--- Data section Enclosed Below ---

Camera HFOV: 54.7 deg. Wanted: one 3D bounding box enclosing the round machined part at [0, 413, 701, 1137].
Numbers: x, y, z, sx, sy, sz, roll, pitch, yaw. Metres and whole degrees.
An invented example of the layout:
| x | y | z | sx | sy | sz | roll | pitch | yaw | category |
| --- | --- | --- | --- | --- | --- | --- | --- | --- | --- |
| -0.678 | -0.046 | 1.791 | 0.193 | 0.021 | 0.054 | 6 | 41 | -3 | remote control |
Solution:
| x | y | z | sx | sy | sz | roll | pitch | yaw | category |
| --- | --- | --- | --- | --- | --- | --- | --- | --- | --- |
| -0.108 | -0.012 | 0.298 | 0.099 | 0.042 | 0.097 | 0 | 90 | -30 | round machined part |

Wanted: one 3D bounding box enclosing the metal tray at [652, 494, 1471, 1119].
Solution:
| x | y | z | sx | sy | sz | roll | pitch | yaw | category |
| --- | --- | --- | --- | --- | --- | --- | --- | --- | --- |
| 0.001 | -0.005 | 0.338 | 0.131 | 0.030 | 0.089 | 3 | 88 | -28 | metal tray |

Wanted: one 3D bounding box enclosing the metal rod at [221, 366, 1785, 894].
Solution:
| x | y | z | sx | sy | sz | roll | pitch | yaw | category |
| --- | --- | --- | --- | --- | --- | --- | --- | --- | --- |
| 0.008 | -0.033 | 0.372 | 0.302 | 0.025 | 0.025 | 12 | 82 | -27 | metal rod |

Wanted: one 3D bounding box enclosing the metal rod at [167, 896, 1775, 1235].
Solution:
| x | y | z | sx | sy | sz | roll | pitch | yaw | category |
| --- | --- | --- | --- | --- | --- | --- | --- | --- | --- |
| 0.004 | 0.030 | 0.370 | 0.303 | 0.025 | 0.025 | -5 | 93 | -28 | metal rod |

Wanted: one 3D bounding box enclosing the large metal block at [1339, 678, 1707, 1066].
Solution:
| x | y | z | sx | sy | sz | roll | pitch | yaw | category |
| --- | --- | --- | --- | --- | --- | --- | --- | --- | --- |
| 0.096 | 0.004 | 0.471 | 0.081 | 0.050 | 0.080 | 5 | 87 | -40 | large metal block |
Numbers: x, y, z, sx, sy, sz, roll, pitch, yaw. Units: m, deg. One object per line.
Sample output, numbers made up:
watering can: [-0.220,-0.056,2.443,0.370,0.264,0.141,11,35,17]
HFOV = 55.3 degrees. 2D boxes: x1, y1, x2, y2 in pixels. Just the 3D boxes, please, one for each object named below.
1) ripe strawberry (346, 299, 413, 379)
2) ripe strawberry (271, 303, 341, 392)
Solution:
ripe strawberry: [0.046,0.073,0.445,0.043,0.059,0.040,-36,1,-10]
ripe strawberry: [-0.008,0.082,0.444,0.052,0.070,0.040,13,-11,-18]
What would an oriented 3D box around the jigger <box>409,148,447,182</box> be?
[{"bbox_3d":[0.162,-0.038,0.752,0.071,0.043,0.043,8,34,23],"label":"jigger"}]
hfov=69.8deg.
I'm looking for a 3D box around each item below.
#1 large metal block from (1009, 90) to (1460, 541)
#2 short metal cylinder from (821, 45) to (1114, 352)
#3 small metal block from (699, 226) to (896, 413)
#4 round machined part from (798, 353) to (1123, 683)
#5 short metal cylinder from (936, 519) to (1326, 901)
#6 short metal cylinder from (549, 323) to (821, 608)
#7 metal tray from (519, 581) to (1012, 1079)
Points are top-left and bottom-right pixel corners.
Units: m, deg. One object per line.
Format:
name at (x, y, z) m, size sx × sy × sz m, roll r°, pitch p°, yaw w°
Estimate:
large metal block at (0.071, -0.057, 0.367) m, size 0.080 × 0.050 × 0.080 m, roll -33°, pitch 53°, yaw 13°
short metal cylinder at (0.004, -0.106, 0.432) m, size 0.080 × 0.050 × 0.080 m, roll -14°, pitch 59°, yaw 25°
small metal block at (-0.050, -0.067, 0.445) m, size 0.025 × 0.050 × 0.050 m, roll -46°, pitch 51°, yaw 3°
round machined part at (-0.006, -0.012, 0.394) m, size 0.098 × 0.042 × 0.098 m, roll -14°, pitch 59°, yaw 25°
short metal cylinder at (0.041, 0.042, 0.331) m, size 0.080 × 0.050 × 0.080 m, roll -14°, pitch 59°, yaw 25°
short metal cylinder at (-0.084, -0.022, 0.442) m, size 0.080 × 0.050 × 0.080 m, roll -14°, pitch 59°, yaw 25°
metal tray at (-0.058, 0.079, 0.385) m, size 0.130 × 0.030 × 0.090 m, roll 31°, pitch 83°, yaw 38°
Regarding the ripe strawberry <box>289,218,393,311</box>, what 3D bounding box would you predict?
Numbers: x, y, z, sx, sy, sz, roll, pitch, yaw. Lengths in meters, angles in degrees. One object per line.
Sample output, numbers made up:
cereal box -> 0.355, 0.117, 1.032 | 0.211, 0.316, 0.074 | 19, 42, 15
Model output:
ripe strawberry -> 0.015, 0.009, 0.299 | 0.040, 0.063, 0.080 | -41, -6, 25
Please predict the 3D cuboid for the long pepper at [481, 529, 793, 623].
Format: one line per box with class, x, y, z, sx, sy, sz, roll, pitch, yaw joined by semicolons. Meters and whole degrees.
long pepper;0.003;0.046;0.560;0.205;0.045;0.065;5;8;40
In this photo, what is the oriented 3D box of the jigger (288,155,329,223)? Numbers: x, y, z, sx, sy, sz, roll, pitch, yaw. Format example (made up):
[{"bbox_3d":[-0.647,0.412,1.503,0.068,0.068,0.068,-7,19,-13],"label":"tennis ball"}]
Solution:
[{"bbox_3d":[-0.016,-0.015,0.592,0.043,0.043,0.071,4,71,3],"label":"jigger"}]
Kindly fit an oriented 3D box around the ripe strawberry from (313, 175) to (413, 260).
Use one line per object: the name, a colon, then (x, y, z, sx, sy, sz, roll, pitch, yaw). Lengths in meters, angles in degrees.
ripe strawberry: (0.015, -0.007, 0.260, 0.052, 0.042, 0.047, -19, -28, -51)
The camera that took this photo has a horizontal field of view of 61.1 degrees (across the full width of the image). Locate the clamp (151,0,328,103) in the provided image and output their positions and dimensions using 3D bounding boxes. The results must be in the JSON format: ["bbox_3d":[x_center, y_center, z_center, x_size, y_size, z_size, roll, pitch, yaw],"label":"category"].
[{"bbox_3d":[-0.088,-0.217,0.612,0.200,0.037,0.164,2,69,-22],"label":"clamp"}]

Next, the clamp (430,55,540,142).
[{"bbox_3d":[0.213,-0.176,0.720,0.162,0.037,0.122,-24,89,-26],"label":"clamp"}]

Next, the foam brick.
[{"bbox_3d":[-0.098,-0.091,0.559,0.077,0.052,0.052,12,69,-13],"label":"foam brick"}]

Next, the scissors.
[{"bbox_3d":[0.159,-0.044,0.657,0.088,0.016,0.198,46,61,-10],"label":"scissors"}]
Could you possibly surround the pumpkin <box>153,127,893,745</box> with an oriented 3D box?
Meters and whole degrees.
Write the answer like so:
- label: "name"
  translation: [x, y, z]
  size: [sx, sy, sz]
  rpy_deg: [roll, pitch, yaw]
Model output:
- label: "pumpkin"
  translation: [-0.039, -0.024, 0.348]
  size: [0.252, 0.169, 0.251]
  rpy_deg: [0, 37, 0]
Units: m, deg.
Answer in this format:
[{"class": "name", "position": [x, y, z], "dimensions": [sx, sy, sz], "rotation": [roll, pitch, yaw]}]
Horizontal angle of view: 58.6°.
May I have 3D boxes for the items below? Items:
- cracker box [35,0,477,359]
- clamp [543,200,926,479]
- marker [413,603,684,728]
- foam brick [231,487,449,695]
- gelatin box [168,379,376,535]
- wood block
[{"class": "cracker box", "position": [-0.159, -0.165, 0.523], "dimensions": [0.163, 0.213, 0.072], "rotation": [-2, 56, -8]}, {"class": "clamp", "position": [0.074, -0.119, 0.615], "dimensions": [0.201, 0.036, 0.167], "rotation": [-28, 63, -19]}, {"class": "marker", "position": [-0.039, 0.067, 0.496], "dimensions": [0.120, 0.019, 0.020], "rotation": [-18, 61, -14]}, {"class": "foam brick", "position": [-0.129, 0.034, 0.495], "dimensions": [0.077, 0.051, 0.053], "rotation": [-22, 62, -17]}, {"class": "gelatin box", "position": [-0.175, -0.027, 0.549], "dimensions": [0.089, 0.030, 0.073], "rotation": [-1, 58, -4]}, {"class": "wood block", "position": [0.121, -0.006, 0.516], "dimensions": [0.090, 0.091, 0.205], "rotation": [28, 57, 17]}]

--- End of Enclosed Data section ---

# What you are asked to do:
Lines from the entries that contain the string "enclosing" are what must be copied.

# Answer section:
Camera HFOV: 54.7 deg. Wanted: one 3D bounding box enclosing the round machined part at [0, 413, 701, 1137].
Wanted: one 3D bounding box enclosing the metal tray at [652, 494, 1471, 1119].
Wanted: one 3D bounding box enclosing the metal rod at [221, 366, 1785, 894].
Wanted: one 3D bounding box enclosing the metal rod at [167, 896, 1775, 1235].
Wanted: one 3D bounding box enclosing the large metal block at [1339, 678, 1707, 1066].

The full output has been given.